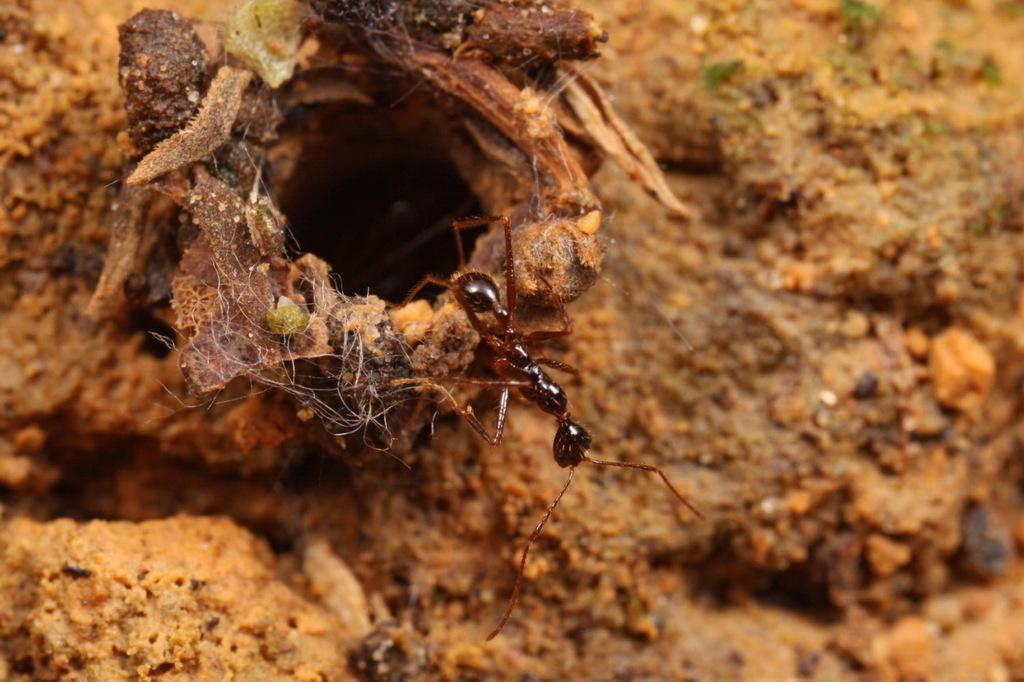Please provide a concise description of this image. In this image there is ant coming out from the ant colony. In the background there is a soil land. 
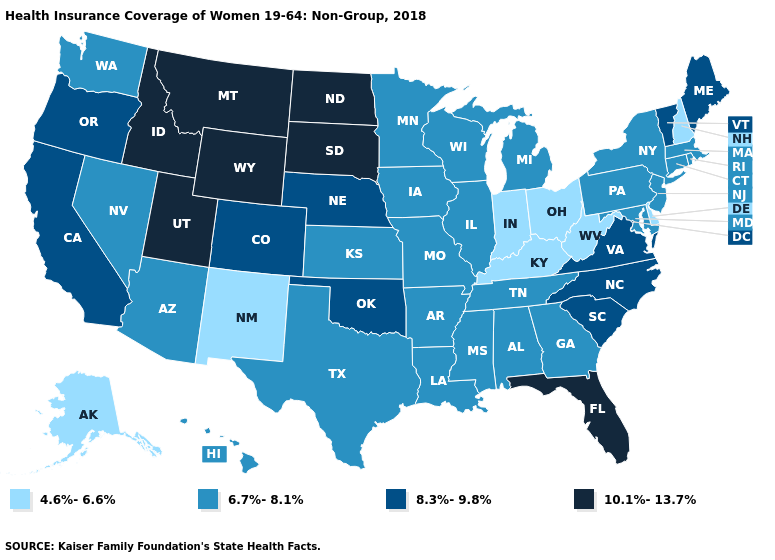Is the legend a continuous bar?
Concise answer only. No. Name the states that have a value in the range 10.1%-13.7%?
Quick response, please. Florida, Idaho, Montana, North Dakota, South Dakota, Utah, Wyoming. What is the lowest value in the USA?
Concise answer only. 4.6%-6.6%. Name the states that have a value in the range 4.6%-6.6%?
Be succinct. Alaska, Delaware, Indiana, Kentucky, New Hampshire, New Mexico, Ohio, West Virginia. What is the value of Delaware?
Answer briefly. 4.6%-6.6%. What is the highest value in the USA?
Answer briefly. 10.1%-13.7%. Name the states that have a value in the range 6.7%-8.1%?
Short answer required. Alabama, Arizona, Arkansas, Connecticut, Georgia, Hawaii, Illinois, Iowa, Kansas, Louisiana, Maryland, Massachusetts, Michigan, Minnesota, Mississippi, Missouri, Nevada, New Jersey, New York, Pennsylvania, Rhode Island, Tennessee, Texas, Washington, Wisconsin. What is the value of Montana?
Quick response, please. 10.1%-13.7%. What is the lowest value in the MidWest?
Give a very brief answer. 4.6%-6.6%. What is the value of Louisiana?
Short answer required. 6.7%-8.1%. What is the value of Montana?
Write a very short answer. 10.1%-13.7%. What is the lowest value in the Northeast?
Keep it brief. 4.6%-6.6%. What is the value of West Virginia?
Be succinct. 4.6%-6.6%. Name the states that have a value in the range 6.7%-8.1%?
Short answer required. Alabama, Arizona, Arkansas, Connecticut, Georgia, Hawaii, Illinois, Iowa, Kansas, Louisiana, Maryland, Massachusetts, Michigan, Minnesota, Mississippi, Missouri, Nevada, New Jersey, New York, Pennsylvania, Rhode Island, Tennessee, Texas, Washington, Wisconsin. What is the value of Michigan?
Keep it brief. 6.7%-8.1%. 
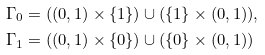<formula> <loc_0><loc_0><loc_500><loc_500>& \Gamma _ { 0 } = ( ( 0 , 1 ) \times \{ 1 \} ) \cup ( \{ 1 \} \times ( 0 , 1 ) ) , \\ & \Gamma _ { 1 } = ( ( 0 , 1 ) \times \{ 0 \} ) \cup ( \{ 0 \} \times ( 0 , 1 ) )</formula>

--- --- ---

Work item ▸ Print each record as it appears above, dropping every picture from the copy.

Exercise solution ▸
Please provide a concise description of this image. In this image there is ant coming out from the ant colony. In the background there is a soil land. 
Is the legend a continuous bar?
Concise answer only. No. Name the states that have a value in the range 10.1%-13.7%?
Quick response, please. Florida, Idaho, Montana, North Dakota, South Dakota, Utah, Wyoming. What is the lowest value in the USA?
Concise answer only. 4.6%-6.6%. Name the states that have a value in the range 4.6%-6.6%?
Be succinct. Alaska, Delaware, Indiana, Kentucky, New Hampshire, New Mexico, Ohio, West Virginia. What is the value of Delaware?
Answer briefly. 4.6%-6.6%. What is the highest value in the USA?
Answer briefly. 10.1%-13.7%. Name the states that have a value in the range 6.7%-8.1%?
Short answer required. Alabama, Arizona, Arkansas, Connecticut, Georgia, Hawaii, Illinois, Iowa, Kansas, Louisiana, Maryland, Massachusetts, Michigan, Minnesota, Mississippi, Missouri, Nevada, New Jersey, New York, Pennsylvania, Rhode Island, Tennessee, Texas, Washington, Wisconsin. What is the value of Montana?
Quick response, please. 10.1%-13.7%. What is the lowest value in the MidWest?
Give a very brief answer. 4.6%-6.6%. What is the value of Louisiana?
Short answer required. 6.7%-8.1%. What is the value of Montana?
Write a very short answer. 10.1%-13.7%. What is the lowest value in the Northeast?
Keep it brief. 4.6%-6.6%. What is the value of West Virginia?
Be succinct. 4.6%-6.6%. Name the states that have a value in the range 6.7%-8.1%?
Short answer required. Alabama, Arizona, Arkansas, Connecticut, Georgia, Hawaii, Illinois, Iowa, Kansas, Louisiana, Maryland, Massachusetts, Michigan, Minnesota, Mississippi, Missouri, Nevada, New Jersey, New York, Pennsylvania, Rhode Island, Tennessee, Texas, Washington, Wisconsin. What is the value of Michigan?
Keep it brief. 6.7%-8.1%. 
<formula> <loc_0><loc_0><loc_500><loc_500>& \Gamma _ { 0 } = ( ( 0 , 1 ) \times \{ 1 \} ) \cup ( \{ 1 \} \times ( 0 , 1 ) ) , \\ & \Gamma _ { 1 } = ( ( 0 , 1 ) \times \{ 0 \} ) \cup ( \{ 0 \} \times ( 0 , 1 ) )</formula>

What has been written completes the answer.